### [WORK INSTRUCTION]
Show every line of the data where the word "that" can be found.

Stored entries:
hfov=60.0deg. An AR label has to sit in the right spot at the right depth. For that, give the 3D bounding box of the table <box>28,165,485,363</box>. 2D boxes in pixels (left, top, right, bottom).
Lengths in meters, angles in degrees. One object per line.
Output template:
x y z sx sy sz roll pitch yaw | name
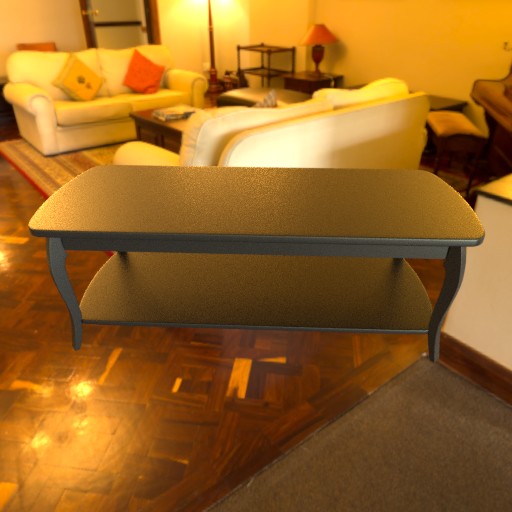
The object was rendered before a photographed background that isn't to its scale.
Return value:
0.000 0.000 1.557 1.333 0.457 0.571 1 30 2 | table

### [OUTPUT FOR THIS EXERCISE]
hfov=60.0deg. An AR label has to sit in the right spot at the right depth. For that, give the 3D bounding box of the table <box>28,165,485,363</box>. 2D boxes in pixels (left, top, right, bottom).
The object was rendered before a photographed background that isn't to its scale.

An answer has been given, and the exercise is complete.